* [Working data]
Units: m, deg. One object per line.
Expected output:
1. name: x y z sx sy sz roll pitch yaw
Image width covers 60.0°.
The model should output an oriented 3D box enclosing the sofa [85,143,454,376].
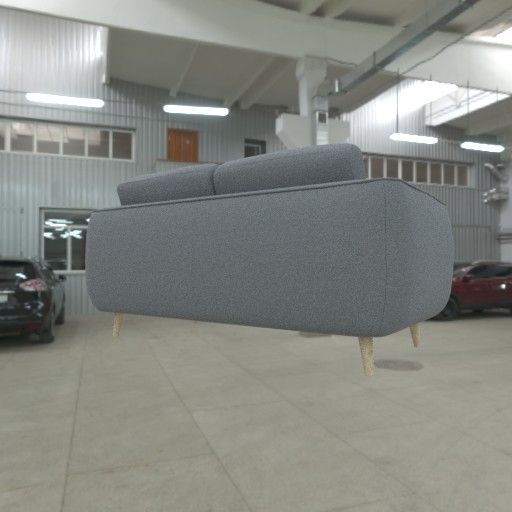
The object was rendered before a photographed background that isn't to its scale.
1. sofa: 0.000 0.000 2.210 1.700 0.850 0.920 0 -1 35
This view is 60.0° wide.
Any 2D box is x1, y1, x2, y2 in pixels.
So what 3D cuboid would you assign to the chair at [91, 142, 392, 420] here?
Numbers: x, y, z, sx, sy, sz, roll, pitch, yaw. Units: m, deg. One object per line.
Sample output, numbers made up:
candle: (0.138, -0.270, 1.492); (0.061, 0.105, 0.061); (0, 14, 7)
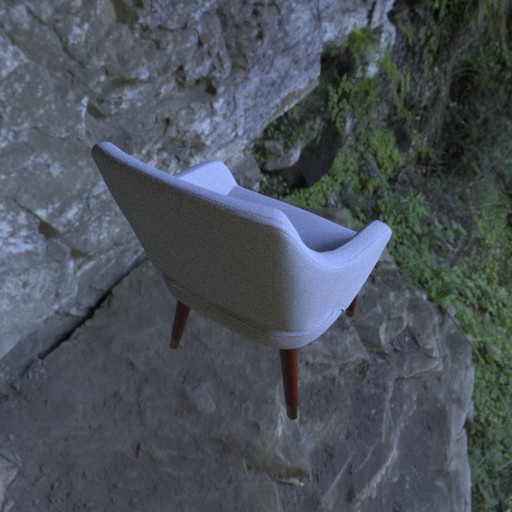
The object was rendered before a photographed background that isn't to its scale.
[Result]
chair: (0.000, 0.000, 1.252); (0.609, 0.889, 0.600); (24, 51, 21)
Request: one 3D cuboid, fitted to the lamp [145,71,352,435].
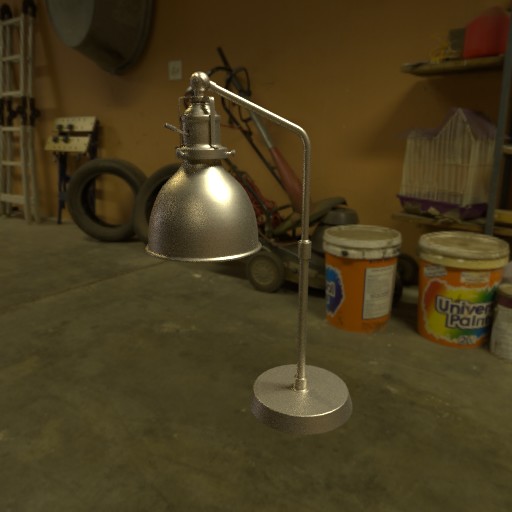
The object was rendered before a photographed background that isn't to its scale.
[{"bbox_3d":[0.000,0.000,0.592,0.286,0.456,0.153,-2,15,-8],"label":"lamp"}]
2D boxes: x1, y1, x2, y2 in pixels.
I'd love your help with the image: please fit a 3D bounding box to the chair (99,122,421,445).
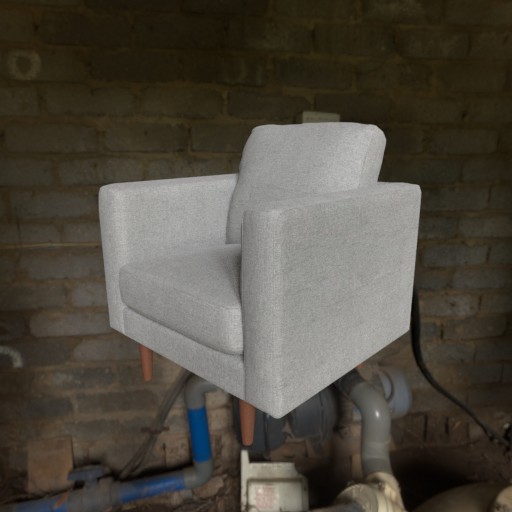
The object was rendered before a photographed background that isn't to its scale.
[{"bbox_3d":[0.000,0.000,1.586,0.855,0.927,0.800,13,20,42],"label":"chair"}]
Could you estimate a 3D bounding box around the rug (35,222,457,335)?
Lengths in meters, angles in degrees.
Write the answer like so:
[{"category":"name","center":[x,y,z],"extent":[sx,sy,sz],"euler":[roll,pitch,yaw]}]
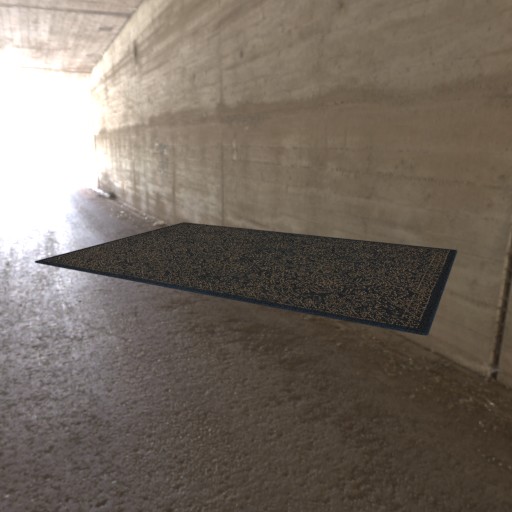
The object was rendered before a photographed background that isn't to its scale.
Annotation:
[{"category":"rug","center":[0.000,0.000,2.290],"extent":[1.829,0.010,1.219],"euler":[8,16,27]}]
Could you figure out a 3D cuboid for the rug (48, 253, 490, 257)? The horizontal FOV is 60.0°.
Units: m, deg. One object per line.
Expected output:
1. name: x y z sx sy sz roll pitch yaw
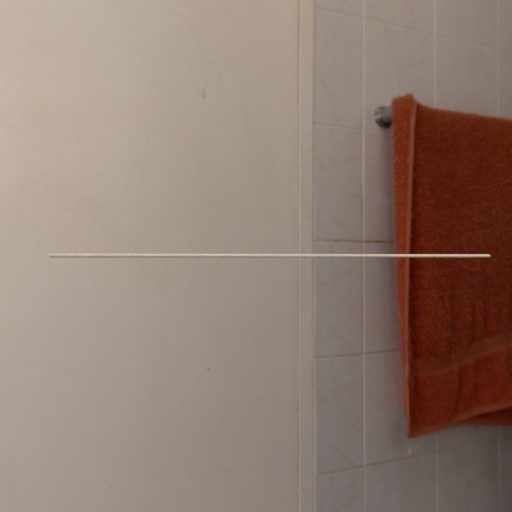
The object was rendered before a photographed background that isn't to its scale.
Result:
1. rug: 0.000 0.000 2.298 1.848 0.014 1.238 0 0 -18
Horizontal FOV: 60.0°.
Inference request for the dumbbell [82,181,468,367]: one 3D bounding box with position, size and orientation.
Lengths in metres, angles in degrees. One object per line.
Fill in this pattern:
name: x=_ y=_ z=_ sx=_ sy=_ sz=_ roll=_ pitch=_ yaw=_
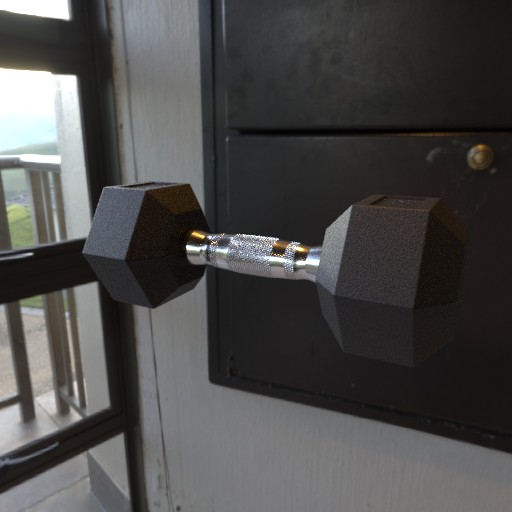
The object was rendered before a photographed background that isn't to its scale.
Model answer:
dumbbell: x=0.000 y=0.000 z=0.321 sx=0.272 sy=0.092 sz=0.106 roll=8 pitch=17 yaw=27
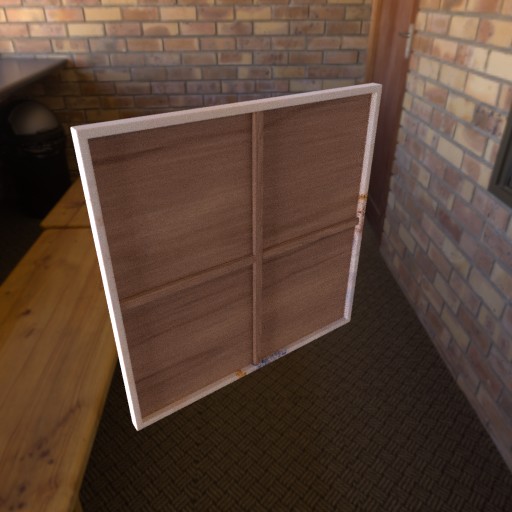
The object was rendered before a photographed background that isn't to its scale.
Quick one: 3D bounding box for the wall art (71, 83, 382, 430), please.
[{"bbox_3d":[0.000,0.000,1.325,0.889,0.889,0.038,-20,36,-30],"label":"wall art"}]
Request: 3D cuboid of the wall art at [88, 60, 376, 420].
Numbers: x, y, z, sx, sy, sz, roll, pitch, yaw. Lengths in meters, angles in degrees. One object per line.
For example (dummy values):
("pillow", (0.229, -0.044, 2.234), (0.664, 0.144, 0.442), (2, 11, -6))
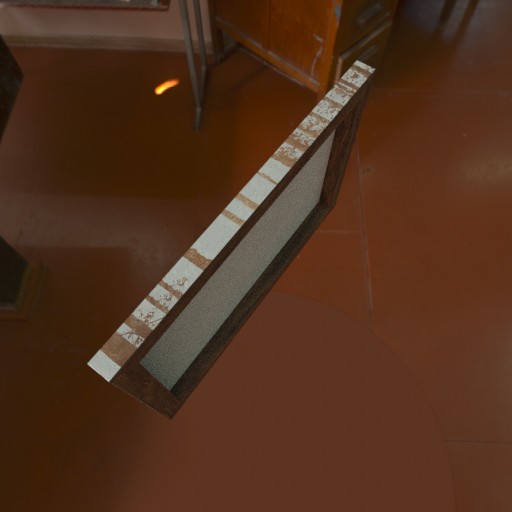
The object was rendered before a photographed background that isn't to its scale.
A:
("wall art", (0.000, 0.000, 0.792), (0.035, 0.405, 0.609), (33, 68, 15))
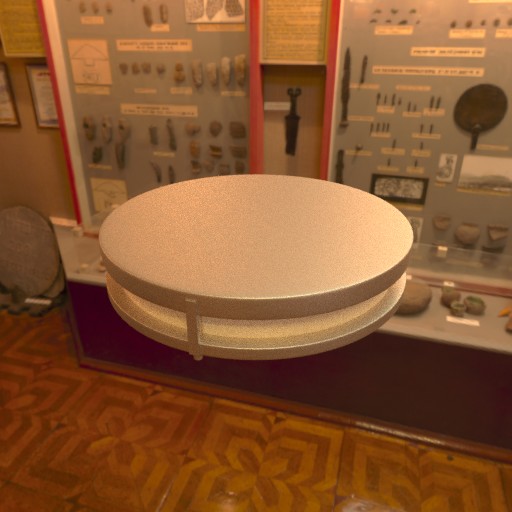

* [Work request]
Among the lines of the listing above, which ones hold "name"? Copy them.

* [Exercise response]
1. name: x y z sx sy sz roll pitch yaw
[{"category":"name","center":[x,y,z],"extent":[sx,sy,sz],"euler":[roll,pitch,yaw]}]
1. name: x y z sx sy sz roll pitch yaw
name: x=_ y=_ z=_ sx=_ sy=_ sz=_ roll=_ pitch=_ yaw=_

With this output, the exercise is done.